この二人なら、このチームならきっと未来を切り拓いてくれます」


 こんなに自分の意見を通そうとしたのは初めてかもしれない。でもどうしてもこの配置を通したかった。


「そこまで言うならその通りにしよう、私は現場を見ていないからね」

「ありがとうございます! 」


 最後に出会ったのが丸山社長でよかった。きっとこれからのチームを、環ちゃんや橋本君を優しく見守ってくれる。


「それで、肝心なあなたの名前がないのはどういう事かな」

「せっかく戻して頂いたのに申し訳ありませんが……この仕事を最後に、退職させてください」


 後悔はなかった。


「予想通り……だな」

「はい? 」

「笹山さん、あなたが今の場所ですべき仕事は全て終えた……それは私も同じ想いです」


 社長は言葉を止め、沈黙が流れる。


「あなたに、社員の教育をお願いしたい。退職の話、思い留まってはもらえないかね」


 もったいないような昇進の話、受ければ収入も上がるし、労働時間も減って楽になる、でも……受けることはできなかった。

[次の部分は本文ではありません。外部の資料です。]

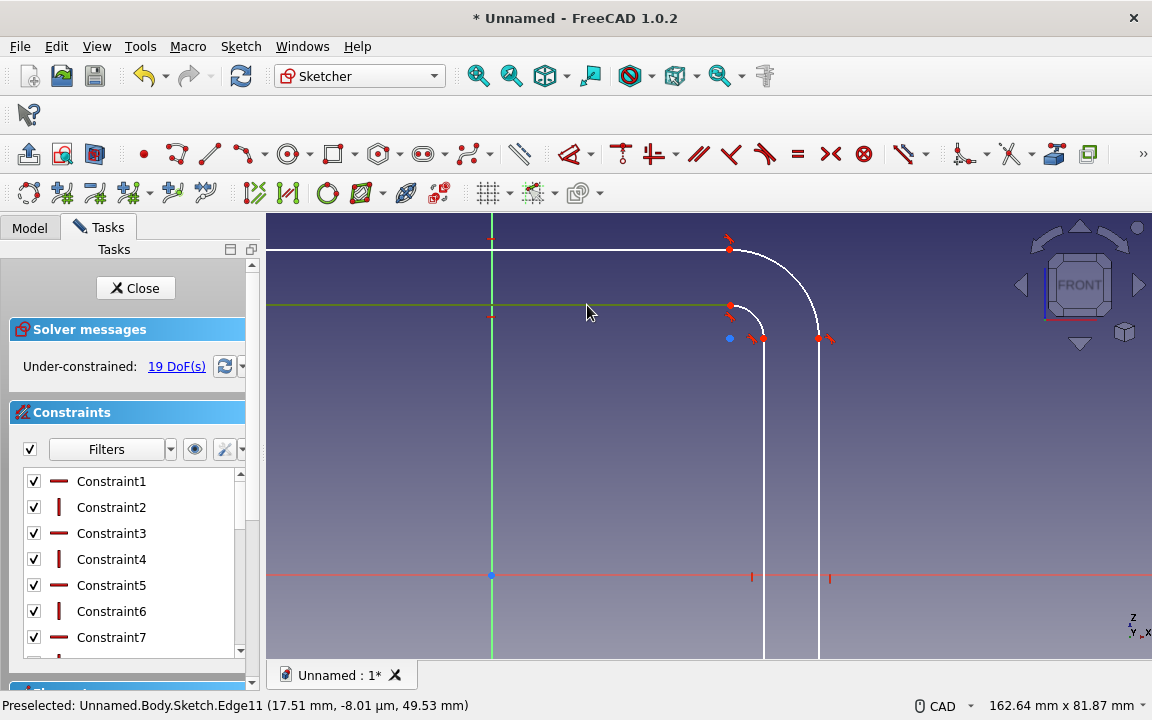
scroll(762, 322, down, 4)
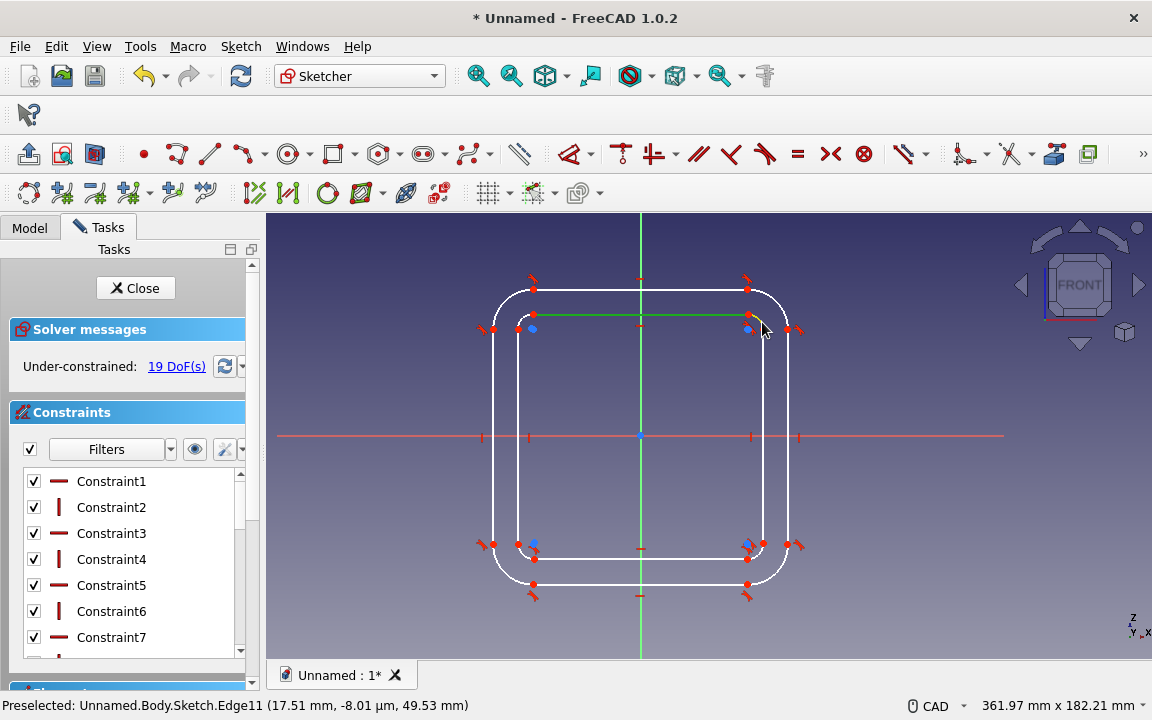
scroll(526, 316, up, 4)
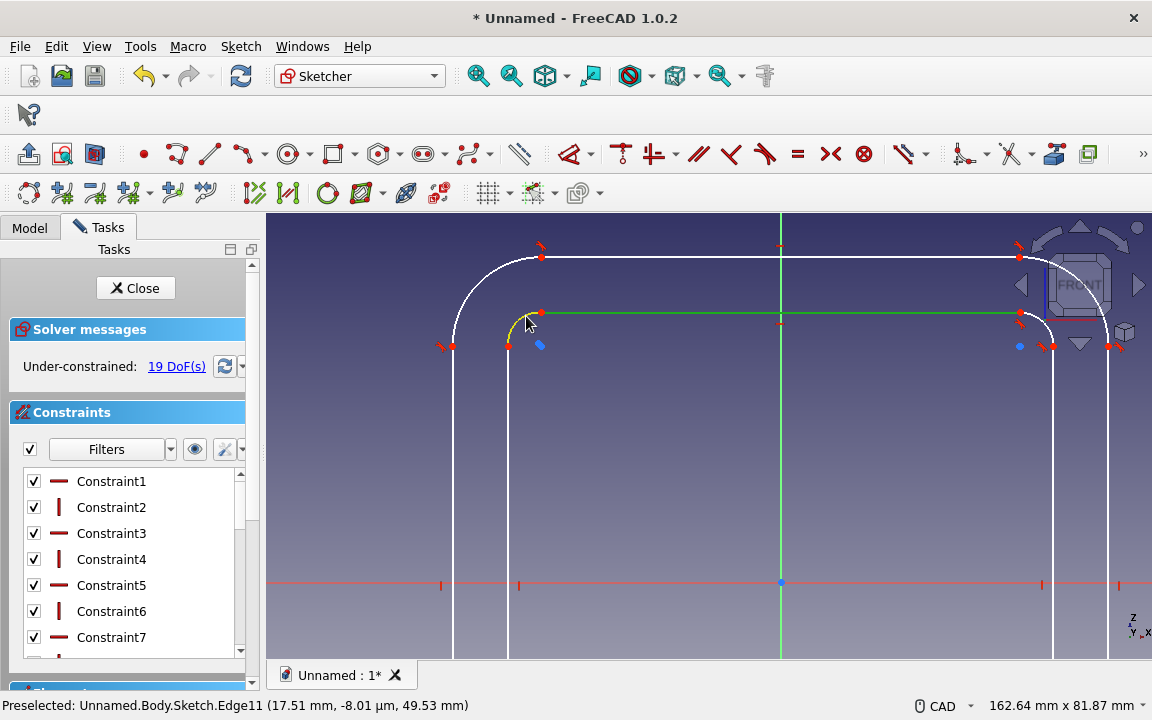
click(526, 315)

「短い間でしたが、社長の下で働く事が出来て光栄でした」


 きっとこれが最後と、頭を下げて社長室を出た。



「あ~、なんかスッキリした! 」


 昼下がりのテラス、雨上がりの青空がとても清々しい。過ぎてみれば、どんな出来事も懐かしく感じられて……今日はなぜか隣に海斗がいてくれる気がする。


「ありがとう……草野君」


 私をこの日まで連れてきてくれたのは彼だった。


 ここで会えるのもあと少し。


 通知音が鳴る。


 呼び出しかと思ったら樹梨亜からのメッセージ。


 “来週の日曜、夢瑠のおかえりパーティーやるよ! 海斗君も誘う事、絶対だからね! ”


「連絡しなきゃな」


 海斗の声が聴きたくなった。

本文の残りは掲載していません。